Direktur Pusat Studi Konstitusi (PUSaKO) Fakultas Hukum Universitas Andalas Feri Amsari menyampaikan kritik tajam atas penolakan judicial review (JR) terhadap UU No.19 Tahun 2019 tentang KPK ini. Ia mengatakan KPK memang pada dasarnya sudah lemah. Dengan putusan MK ini, ia khawatir lembaga anti-rasuah independen tersebut akan semakin dikebiri kekuatannya.

“KPK Indonesia itu secara teoritik sebenarnya sudah lemah sedari awal dan lama-kelamaan kian diperlemah, bahkan sudah menjadi maling, begitu ya,” sindiri Feri.  

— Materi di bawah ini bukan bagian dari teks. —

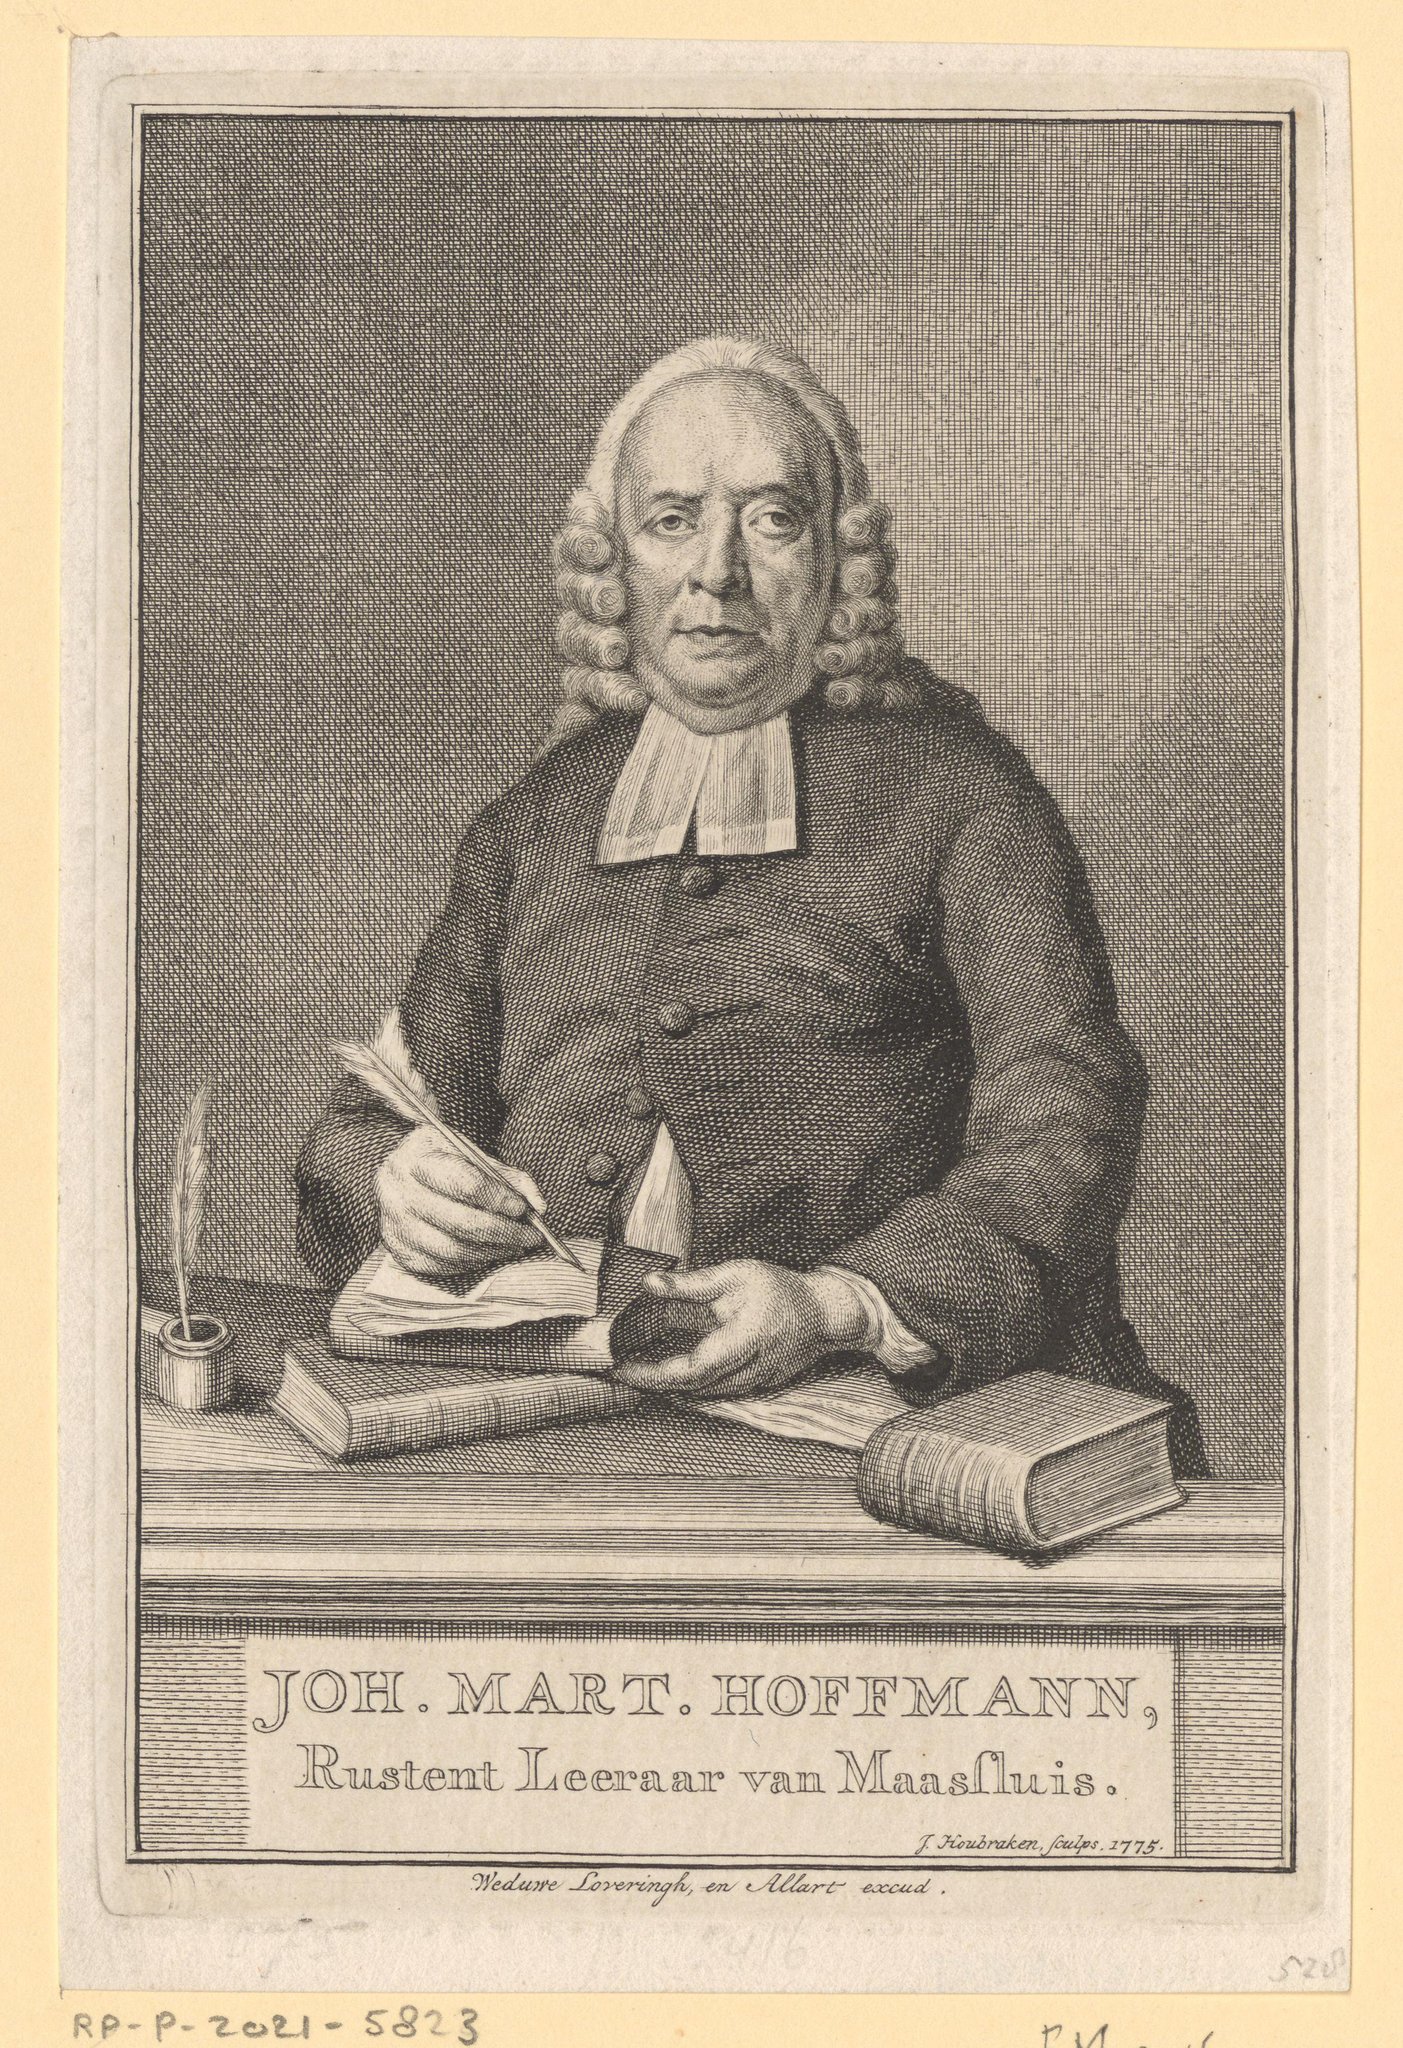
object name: print
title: Portret van Johannes Martinus Hoffman
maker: jacob houbraken
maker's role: draughtsman, print maker
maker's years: 1698-1780
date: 1775
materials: paper
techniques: engraving
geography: amsterdam
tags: historical persons, book
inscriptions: date

“Fakta jadi maling itu sudah terbukti, misalnya ada pegawai KPK yang mencuri barang bukti, ada penyidik KPK yang memeras pihak yang berperkara. Jadi sudah ada fakta-faktanya,” bebernya.

Pernyataan Feri soal KPK yang semakin melemah dan menjadi “maling” bukan tanpa alasan. Rujukannya adalah teori new separation of powers dari pakar hukum Amerika Serikat, Bruce Ackerman. Ia menyebut bahwa teori tersebut mengemukakan soal ciri-ciri lembaga independen atau berintegritas.

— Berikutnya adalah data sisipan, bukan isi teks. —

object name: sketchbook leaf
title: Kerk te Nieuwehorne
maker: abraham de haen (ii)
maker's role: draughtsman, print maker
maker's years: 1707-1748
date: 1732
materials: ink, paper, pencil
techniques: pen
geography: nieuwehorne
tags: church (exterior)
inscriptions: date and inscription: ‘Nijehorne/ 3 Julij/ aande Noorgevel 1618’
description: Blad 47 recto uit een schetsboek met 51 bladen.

Menurut teori tersebut, ciri pertama dari lembaga yang berintegritas diatur di konstitusi. Dengan adanya landasan konstitusi, suatu lembaga independen tidak boleh diubah melalui proses legislasi biasa. Dalam konteks KPK, dengan dilakukannya proses legislasi biasa, UU tentang lembaga independen pemberantasan korupsi yang didirikan pada tahun 2002 tersebut berpotensi diubah lagi dan lagi.

Lalu, ciri lembaga yang berintegritas berikutnya adalah soal independensi komisioner dan pegawainya. Menurut Feri, tercatat bahwa sejak tahun 2019, nilai-nilai independensi komisioner dan pegawai KPK telah digerus habis. Dengan demikian, secara teoretis, gagasan lembaga independen yang tersemat pada KPK telah hancur.

“Itulah mengapa kehancuran nilai-nilai mulia KPK ini memotivasi Feri dan kawan-kawan akademisi lainnya, termasuk ahli hukum tata negara, Bivitri Susanti, untuk menginisiasi permohonan uji formil dan materil ke MK,” lanjutnya.

Feri sudah melihat pesimisme sejak awal dan sesuai yang diprediksinya. ”Kita sebenarnya secara logika matematika sudah yakin perhitungan ini berat untuk dimenangkan. Kenapa? Ya, tiga hakim konstitusi dari presiden, tiga dari DPR. Presiden dan DPR yang buat UU sudah enam gitu, ya sudah mayoritas,” tutur Feri.

“MK ini menurut saya, di balik sosok negarawan terpilih itu, ikut terlibat dengan mengupayakan KPK menjadi maling baru di negara korup ini. Jadi kalau ada alasan masih ada harapan di putusan MK, saya bilang itu non-sense. Tidak ada satu harapan pun untuk perbaikan KPK melalui putusan MK. Tapi harapan itu ada di publik sekarang,” katanya.